# Tsatziki



## Juliev (Nov 17, 2004)

This is a very versatile yogurt dish that can be used for salad dressing, Souvlakia dipping or for using with flatbread.

Tsatziki:

2 cups plain yogurt
1 cucumber
3-4 cloves fresh garlic minced
juice from 1/2 lemon
1 tsp vinegar (plain white)
sat/pepper to taste

put yogurt in a bowl, put garlic, lemon juice and vinegar.

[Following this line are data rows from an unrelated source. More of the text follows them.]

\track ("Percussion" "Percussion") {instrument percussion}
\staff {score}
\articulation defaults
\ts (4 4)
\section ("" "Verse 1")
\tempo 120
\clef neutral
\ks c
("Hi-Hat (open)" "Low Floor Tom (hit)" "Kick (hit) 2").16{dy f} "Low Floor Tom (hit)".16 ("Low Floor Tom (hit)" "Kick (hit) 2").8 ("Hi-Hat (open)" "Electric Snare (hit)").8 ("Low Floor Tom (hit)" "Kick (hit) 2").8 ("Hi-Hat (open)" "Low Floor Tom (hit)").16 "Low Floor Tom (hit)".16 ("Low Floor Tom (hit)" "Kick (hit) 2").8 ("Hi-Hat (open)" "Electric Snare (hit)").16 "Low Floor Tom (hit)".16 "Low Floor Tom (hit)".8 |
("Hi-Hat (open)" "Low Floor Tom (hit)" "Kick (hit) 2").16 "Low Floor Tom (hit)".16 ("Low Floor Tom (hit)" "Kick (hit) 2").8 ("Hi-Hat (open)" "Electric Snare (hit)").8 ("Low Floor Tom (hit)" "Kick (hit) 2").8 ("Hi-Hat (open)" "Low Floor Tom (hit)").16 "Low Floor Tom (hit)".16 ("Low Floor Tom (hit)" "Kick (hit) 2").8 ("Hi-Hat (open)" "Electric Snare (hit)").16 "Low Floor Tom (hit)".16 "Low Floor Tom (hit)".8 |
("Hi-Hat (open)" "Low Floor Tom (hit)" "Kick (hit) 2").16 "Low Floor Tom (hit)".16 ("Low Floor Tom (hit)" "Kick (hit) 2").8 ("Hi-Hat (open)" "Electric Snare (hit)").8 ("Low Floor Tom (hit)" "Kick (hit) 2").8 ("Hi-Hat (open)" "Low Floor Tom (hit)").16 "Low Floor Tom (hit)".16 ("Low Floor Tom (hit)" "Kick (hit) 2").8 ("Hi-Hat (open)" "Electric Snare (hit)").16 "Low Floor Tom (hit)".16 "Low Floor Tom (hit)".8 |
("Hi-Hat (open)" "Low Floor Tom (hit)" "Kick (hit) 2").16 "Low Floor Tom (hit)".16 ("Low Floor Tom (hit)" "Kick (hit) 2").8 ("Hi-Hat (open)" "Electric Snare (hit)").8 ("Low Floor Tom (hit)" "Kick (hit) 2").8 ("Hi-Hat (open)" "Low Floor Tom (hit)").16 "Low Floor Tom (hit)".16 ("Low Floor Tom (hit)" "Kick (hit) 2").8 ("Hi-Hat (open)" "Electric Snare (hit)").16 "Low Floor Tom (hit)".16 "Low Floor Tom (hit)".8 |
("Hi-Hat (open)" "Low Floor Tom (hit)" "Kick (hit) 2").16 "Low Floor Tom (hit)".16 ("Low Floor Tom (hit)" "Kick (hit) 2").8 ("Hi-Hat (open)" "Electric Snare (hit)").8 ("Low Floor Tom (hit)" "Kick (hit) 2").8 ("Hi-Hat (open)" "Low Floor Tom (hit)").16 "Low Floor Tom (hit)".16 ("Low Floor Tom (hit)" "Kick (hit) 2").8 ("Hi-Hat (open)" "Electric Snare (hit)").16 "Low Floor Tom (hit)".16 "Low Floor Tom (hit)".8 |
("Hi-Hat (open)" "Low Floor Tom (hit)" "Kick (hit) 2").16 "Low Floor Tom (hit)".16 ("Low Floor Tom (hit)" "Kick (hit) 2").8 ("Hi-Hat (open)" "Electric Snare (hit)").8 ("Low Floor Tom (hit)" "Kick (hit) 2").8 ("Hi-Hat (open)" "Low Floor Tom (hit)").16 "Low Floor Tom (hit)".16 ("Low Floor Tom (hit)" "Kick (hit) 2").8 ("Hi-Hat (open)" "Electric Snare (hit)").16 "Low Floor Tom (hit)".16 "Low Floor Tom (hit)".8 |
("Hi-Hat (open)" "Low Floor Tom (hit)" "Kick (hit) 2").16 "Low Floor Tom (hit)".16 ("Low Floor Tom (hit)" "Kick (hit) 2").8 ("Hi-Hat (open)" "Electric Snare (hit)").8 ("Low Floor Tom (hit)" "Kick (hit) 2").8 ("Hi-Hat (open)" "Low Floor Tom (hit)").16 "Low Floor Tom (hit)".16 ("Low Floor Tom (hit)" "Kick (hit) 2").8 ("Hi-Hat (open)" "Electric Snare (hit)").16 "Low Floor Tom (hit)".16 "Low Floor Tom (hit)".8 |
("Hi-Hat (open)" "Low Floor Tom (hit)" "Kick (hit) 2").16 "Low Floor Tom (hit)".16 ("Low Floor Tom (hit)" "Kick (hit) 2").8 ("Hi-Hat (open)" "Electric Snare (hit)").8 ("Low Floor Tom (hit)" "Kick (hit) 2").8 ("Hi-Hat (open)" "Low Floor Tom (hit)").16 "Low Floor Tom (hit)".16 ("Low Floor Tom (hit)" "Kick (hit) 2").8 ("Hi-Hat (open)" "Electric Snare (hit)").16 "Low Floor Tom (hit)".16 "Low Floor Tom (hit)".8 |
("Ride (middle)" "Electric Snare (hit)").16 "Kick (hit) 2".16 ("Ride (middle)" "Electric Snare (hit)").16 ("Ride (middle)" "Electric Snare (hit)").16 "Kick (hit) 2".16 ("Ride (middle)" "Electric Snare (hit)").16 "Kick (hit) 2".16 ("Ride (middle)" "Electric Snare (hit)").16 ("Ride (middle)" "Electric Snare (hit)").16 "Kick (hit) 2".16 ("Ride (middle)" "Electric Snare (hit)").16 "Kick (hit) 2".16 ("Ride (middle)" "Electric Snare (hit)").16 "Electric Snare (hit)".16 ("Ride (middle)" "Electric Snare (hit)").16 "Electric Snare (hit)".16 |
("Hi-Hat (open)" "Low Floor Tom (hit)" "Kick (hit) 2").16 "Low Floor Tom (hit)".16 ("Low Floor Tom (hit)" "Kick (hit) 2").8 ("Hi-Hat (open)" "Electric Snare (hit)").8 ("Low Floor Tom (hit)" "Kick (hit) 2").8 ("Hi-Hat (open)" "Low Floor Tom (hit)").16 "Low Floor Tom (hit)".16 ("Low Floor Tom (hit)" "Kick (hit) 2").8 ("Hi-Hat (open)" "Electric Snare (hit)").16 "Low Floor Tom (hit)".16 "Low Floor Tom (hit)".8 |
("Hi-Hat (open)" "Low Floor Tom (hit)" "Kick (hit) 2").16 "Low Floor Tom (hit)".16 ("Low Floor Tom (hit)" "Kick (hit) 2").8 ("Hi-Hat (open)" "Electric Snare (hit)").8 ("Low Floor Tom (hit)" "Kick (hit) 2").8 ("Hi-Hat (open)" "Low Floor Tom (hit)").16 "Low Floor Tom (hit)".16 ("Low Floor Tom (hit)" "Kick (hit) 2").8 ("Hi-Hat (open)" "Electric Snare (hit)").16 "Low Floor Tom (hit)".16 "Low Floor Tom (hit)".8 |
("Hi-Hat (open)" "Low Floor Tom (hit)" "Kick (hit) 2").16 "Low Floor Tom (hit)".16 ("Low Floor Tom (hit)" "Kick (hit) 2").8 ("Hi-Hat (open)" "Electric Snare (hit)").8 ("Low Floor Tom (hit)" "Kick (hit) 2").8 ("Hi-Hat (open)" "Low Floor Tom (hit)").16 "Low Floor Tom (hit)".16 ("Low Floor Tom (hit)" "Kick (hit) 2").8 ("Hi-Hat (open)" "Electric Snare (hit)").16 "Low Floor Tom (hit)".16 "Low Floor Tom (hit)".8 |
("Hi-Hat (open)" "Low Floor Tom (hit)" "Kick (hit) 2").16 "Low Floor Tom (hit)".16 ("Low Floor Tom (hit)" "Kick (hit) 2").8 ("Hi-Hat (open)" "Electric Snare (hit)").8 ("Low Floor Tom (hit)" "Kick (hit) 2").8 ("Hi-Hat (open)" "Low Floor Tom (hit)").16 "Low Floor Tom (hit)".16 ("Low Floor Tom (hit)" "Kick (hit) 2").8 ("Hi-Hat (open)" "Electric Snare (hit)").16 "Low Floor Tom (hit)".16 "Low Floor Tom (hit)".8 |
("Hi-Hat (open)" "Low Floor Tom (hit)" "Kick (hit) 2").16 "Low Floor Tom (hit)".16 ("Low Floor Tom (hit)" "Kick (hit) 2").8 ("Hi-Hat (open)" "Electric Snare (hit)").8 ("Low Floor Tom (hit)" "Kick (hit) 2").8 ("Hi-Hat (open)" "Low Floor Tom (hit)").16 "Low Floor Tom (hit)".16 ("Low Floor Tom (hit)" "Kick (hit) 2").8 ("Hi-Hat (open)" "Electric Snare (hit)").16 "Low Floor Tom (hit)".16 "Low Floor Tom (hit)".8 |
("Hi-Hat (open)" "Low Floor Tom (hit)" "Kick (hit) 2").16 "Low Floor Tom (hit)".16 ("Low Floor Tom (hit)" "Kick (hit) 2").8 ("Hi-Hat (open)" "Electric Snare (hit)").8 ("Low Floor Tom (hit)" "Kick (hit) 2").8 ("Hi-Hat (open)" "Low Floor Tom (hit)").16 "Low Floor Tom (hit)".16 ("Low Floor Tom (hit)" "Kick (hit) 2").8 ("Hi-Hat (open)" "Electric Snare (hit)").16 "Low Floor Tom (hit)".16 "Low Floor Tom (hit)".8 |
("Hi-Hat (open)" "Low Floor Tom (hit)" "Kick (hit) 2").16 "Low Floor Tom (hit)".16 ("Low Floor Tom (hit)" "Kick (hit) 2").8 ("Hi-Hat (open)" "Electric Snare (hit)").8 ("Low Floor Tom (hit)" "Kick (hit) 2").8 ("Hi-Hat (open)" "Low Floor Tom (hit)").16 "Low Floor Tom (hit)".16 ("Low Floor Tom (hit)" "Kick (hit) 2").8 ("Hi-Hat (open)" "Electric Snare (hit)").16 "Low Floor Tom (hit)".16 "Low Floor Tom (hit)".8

Peel the cucumber and begin to cut paper-thin slces. If they are thin enough, you probably won't get a whole circle sliced. If you do, just cut it in half. Put the paper thin sliced cucumbers into the yogurt. Dust with salt/pepper and mix. refrigerate for at least 2 hours before eating. You want the garlic to blend into the yogurt and you want this dip to be as cool and refreshing as can be.


----------



## Audeo (Nov 17, 2004)

I use yogurt-based dressings all the time, especially on fruit, but plain yogurt is another thing always to be found in my fridge, due to its incredible versatility!  

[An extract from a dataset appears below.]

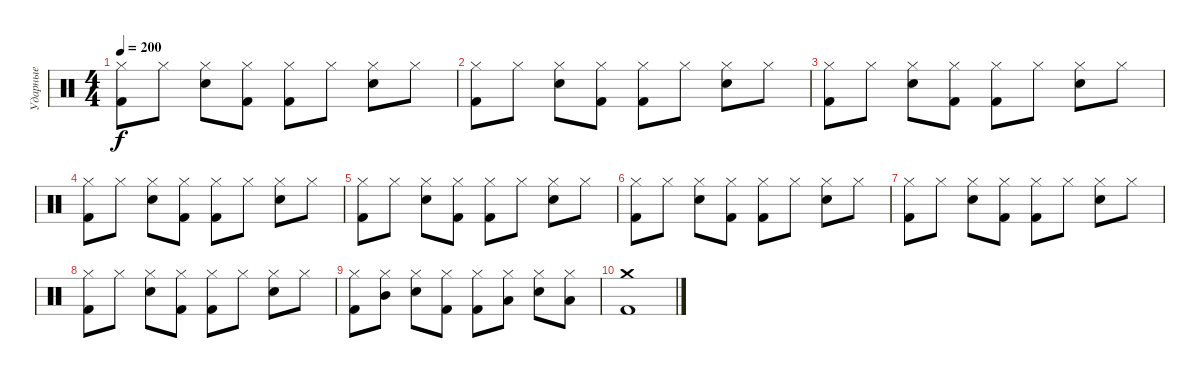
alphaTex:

What is the ethnicity of this recipe, juliev?  I'm looking at "Tsatziki" and presuming slavic??


----------



## Juliev (Nov 17, 2004)

hiya Audeo... it's Greek and used in alot of salads, souvlakia, and as a dressing for gyros.


----------



## lyndalou (Nov 17, 2004)

Julie,
I usually put the yogurt in a coffee filter lined sieve and let some of the whey drain out. I also lightly salt the cucumber to get some of the liquid out of it before I assemble this dish. It makes for a thicker, less watery Tsaziki (sp?)


----------



## Juliev (Nov 17, 2004)

ty lyndalou!  That is a good idea.  I got the recipe from a friend.  I love so many kinds of food from allover the world.  I have made this before, and now that you mention it I'd like it thicker.


----------



## buckytom (Nov 17, 2004)

tsatsiki is great on lamb burgers in a pita or lavash with feta cheese and lettuce, tomato, and onion...


----------



## Audeo (Nov 17, 2004)

Juliev said:
			
		

> hiya Audeo... it's Greek and used in alot of salads, souvlakia, and as a dressing for gyros.

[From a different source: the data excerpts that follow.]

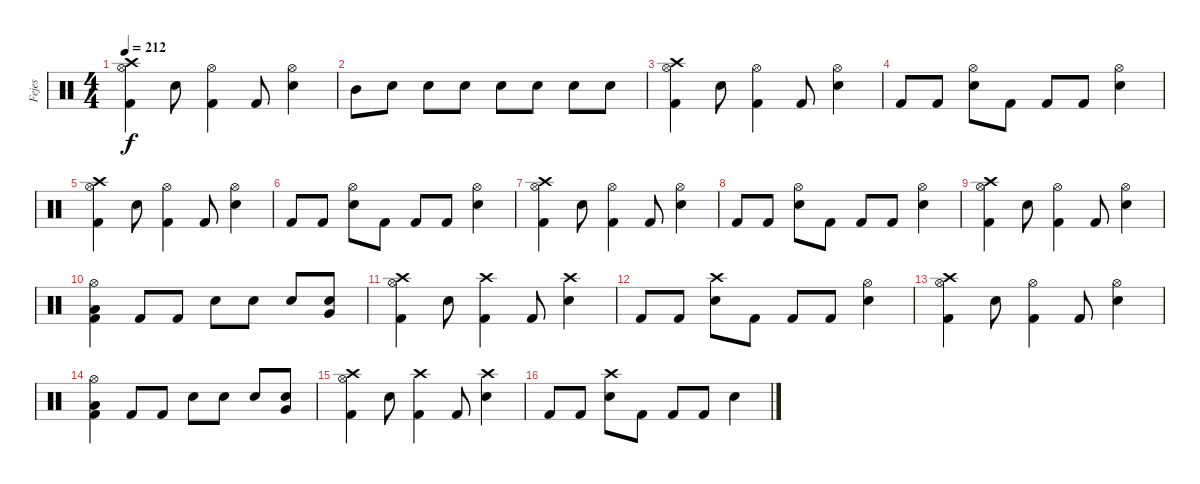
\track ("Fejes" "Fejes") {instrument percussion}
\staff {score}
\articulation defaults
\ts (4 4)
\tempo 212
\clef neutral
\ks c
("Crash high (hit)" "Hi-Hat (open)" "Kick (hit) 2").4{dy f} "Snare (hit) 2".8 ("Hi-Hat (open)" "Kick (hit) 2").4 "Kick (hit) 2".8 ("Hi-Hat (open)" "Snare (hit) 2").4 |
"Mid Tom (hit)".8 "Snare (hit) 2".8 "Snare (hit) 2".8 "Snare (hit) 2".8 "Snare (hit) 2".8 "Snare (hit) 2".8 "Snare (hit) 2".8 "Snare (hit) 2".8 |
("Crash high (hit)" "Hi-Hat (open)" "Kick (hit) 2").4 "Snare (hit) 2".8 ("Hi-Hat (open)" "Kick (hit) 2").4 "Kick (hit) 2".8 ("Hi-Hat (open)" "Snare (hit) 2").4 |
"Kick (hit) 2".8 "Kick (hit) 2".8 ("Hi-Hat (open)" "Snare (hit) 2").8 "Kick (hit) 2".8 "Kick (hit) 2".8 "Kick (hit) 2".8 ("Hi-Hat (open)" "Snare (hit) 2").4 |
("Crash high (hit)" "Hi-Hat (open)" "Kick (hit) 2").4 "Snare (hit) 2".8 ("Hi-Hat (open)" "Kick (hit) 2").4 "Kick (hit) 2".8 ("Hi-Hat (open)" "Snare (hit) 2").4 |
"Kick (hit) 2".8 "Kick (hit) 2".8 ("Hi-Hat (open)" "Snare (hit) 2").8 "Kick (hit) 2".8 "Kick (hit) 2".8 "Kick (hit) 2".8 ("Hi-Hat (open)" "Snare (hit) 2").4 |
("Crash high (hit)" "Hi-Hat (open)" "Kick (hit) 2").4 "Snare (hit) 2".8 ("Hi-Hat (open)" "Kick (hit) 2").4 "Kick (hit) 2".8 ("Hi-Hat (open)" "Snare (hit) 2").4 |
"Kick (hit) 2".8 "Kick (hit) 2".8 ("Hi-Hat (open)" "Snare (hit) 2").8 "Kick (hit) 2".8 "Kick (hit) 2".8 "Kick (hit) 2".8 ("Hi-Hat (open)" "Snare (hit) 2").4 |
("Crash high (hit)" "Hi-Hat (open)" "Kick (hit) 2").4 "Snare (hit) 2".8 ("Hi-Hat (open)" "Kick (hit) 2").4 "Kick (hit) 2".8 ("Hi-Hat (open)" "Snare (hit) 2").4 |
("Hi-Hat (open)" "Low Tom (hit)" "Kick (hit) 2").4 "Kick (hit) 2".8 "Kick (hit) 2".8 "Snare (hit) 2".8 "Snare (hit) 2".8 "Snare (hit) 2".8 ("Very Low Tom (hit)" "Snare (hit) 2").8 |
("Crash high (hit)" "Hi-Hat (open)" "Kick (hit) 2").4 "Snare (hit) 2".8 ("Crash high (hit)" "Kick (hit) 2").4 "Kick (hit) 2".8 ("Crash high (hit)" "Snare (hit) 2").4 |
"Kick (hit) 2".8 "Kick (hit) 2".8 ("Crash high (hit)" "Snare (hit) 2").8 "Kick (hit) 2".8 "Kick (hit) 2".8 "Kick (hit) 2".8 ("Hi-Hat (open)" "Snare (hit) 2").4 |
("Crash high (hit)" "Hi-Hat (open)" "Kick (hit) 2").4 "Snare (hit) 2".8 ("Hi-Hat (open)" "Kick (hit) 2").4 "Kick (hit) 2".8 ("Hi-Hat (open)" "Snare (hit) 2").4 |
("Hi-Hat (open)" "Low Tom (hit)" "Kick (hit) 2").4 "Kick (hit) 2".8 "Kick (hit) 2".8 "Snare (hit) 2".8 "Snare (hit) 2".8 "Snare (hit) 2".8 ("Very Low Tom (hit)" "Snare (hit) 2").8 |
("Crash high (hit)" "Hi-Hat (open)" "Kick (hit) 2").4 "Snare (hit) 2".8 ("Crash high (hit)" "Kick (hit) 2").4 "Kick (hit) 2".8 ("Crash high (hit)" "Snare (hit) 2").4 |
"Kick (hit) 2".8 "Kick (hit) 2".8 ("Crash high (hit)" "Snare (hit) 2").8 "Kick (hit) 2".8 "Kick (hit) 2".8 "Kick (hit) 2".8 "Snare (hit) 2".4

Greek!  That's great!  Thanks for the edumakating, juliev!


----------



## debthecook (Nov 18, 2004)

I love it with roast lamb, or just to dip some italian bread or black olives in.  I make it with 1 quart plain yogurt, 3 cloves garlic, 1/2 cup olive oil, 1/2 a cucumber sliced. Blenderize everything for a few seconds except cucumber, add that in . Serve.


----------